Успели они как раз, чтобы увидеть как обычно уравновешенная Маня, широко размахнувшись, влепила капитанше пощёчину. Звон пошёл…. Даже от берега эхом откликнулось.
Вот тут уж капитанше стало не до улыбок. Оцепенев на миг, она попыталась было, выхватить свою абордажную саблю, висящую у неё сбоку, но мгновенно застыла, увидев арбалетный болт, уставившийся ей между глаз.
— Даже не думай, — одними губами, тихо проговорил Сидор. — А своим скажи, чтобы не лезли.
— Вот и чудненько, — продолжил он, увидав, как застыли матросы по её приказу, и, не отрывая глаз от застывшей капитанши, продолжил. — Если твои шмары будут тебя слушаться, то, может быть, и живой останешься. Нам советовали с вами не ссориться, но если ты будешь плохой девочкой, ты умрёшь. Здесь и сейчас. Тебе оно надо.
— Маня, — не отрывая глаз от капитанши, проговорил Сидор. — Твой арбалет у меня под плащом. Будь так любезна, забери его, пожалуйста.
— А теперь, сучка, рассказывай. Чем это ты так нашу Маню оскорбила, что она даже влепила тебе по морде?
— Она тебя оскорбила, Маня? — обратился он уже к Маше.
— Так что она тебе там наговорила, что ты с ней полдня ругалась? Слышь, Мань? — спросил её Димон, не отводя арбалета от столпившихся перед ним амазонок.
— Молчишь? — заметил Сидор, отбирая у капитанши её саблю. — Ладно. Прикажи ка своим править к берегу. Да не к тому, дура, к левому.
— Отойди, Сидор, — раздался у него над ухом разъярённый шёпот Мани. — Дай ка я ей болт между ног всажу, чтоб почуяла твёрденького. Я ей счас покажу, как она по ласке истосковалась.
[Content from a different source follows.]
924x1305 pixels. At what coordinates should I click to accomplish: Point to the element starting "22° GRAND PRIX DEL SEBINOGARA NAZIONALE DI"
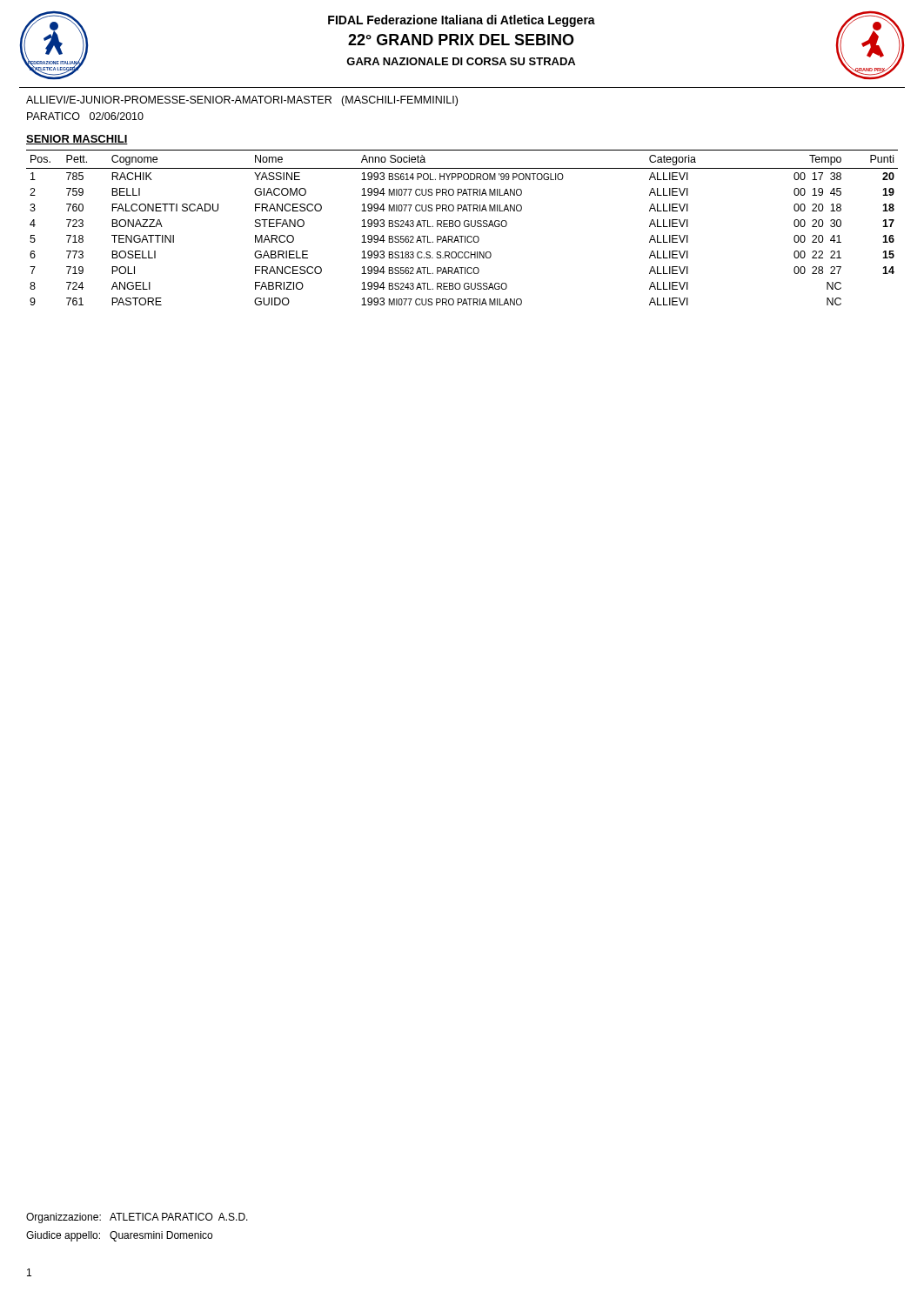tap(461, 50)
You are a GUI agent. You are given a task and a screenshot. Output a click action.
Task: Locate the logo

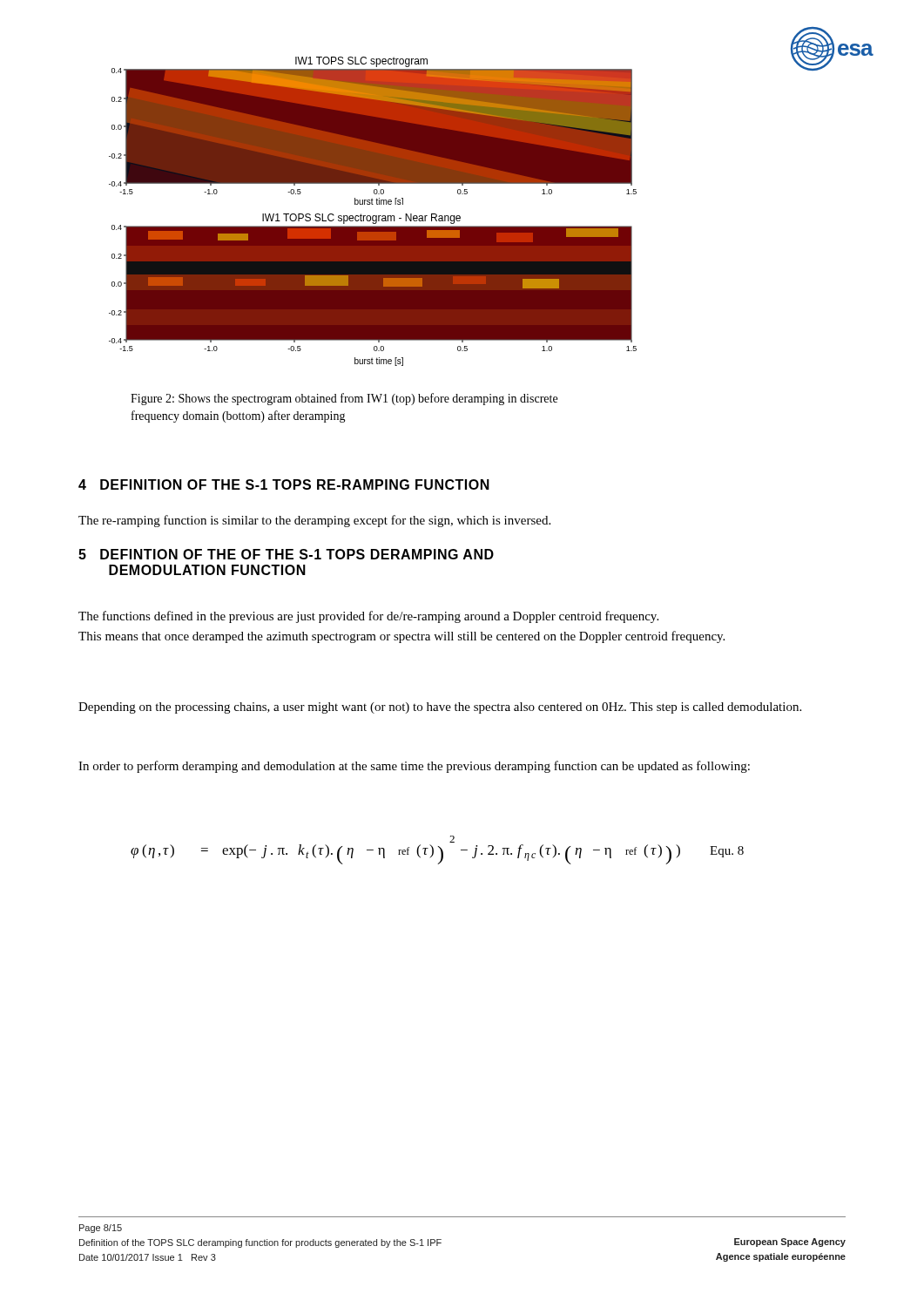click(x=834, y=49)

Блядь, розовая.
— Что ты, милочка, что ты, — залебезила бледная капитанша, — ты меня не так поняла. Я ничего плохого не имела в виду.
— Вот я тебе сейчас введу, то, что я имею в виду, — орала красная от гнева Маня, тыкая побледневшую капитаншу арбалетом в живот.
Видя, что Мане лучше не мешать, Сидор присоединился к Димону, в одиночку сдерживавшего толпу амазонок. Его арбалет тут же утихомирил особенно расшумевшихся матросок.
Бледный от злости Димон, наслушавшийся за то время, пока Сидор с Маней пререкались с капитаншей, всяческих оскорблений в свой адрес, уже еле сдерживался, и дальнейшее нахождение на судне могло принести к неизбежной стычке, от чего их категорически предостерегали в Совете. Наорав на столпившихся матросов, Сидор с Димоном разогнали их по своим местам, чему, в гораздо большей степени, способствовали приказы их капитанши, подсказываемые ножичком, неизвестно когда вытащенным Маней и теперь регулярно поглаживающим её шею.
Из того, что Маня в неконтролируемом гневе орала капитанше, им стало ясно, что их, Сидора и Димона, капитанша предлагала Мане продать в низовьях реки в рабство пиратам, а деньги поделить. Причём Мане, как главной владелице двух самцов предлагалась большая доля, шестьдесят процентов. Ну и ещё, конечно, от неё требовали ласки. Сначала, конечно, она её уговаривала, дальше, капитанша стала требовать, а под конец и угрожать. Если, мол, та не согласится, то и сама пойдёт туда же, куда и мужики — на рынок к пиратам. И отнюдь не продавцом, а товаром. На неё, мол, тоже покупатель найдётся. Её даже легче продать, поскольку хоть не молода, но красива зрелой женской красотой. А у пиратов на такой товар, особый спрос. Они их ящерам, в прислугу, продают.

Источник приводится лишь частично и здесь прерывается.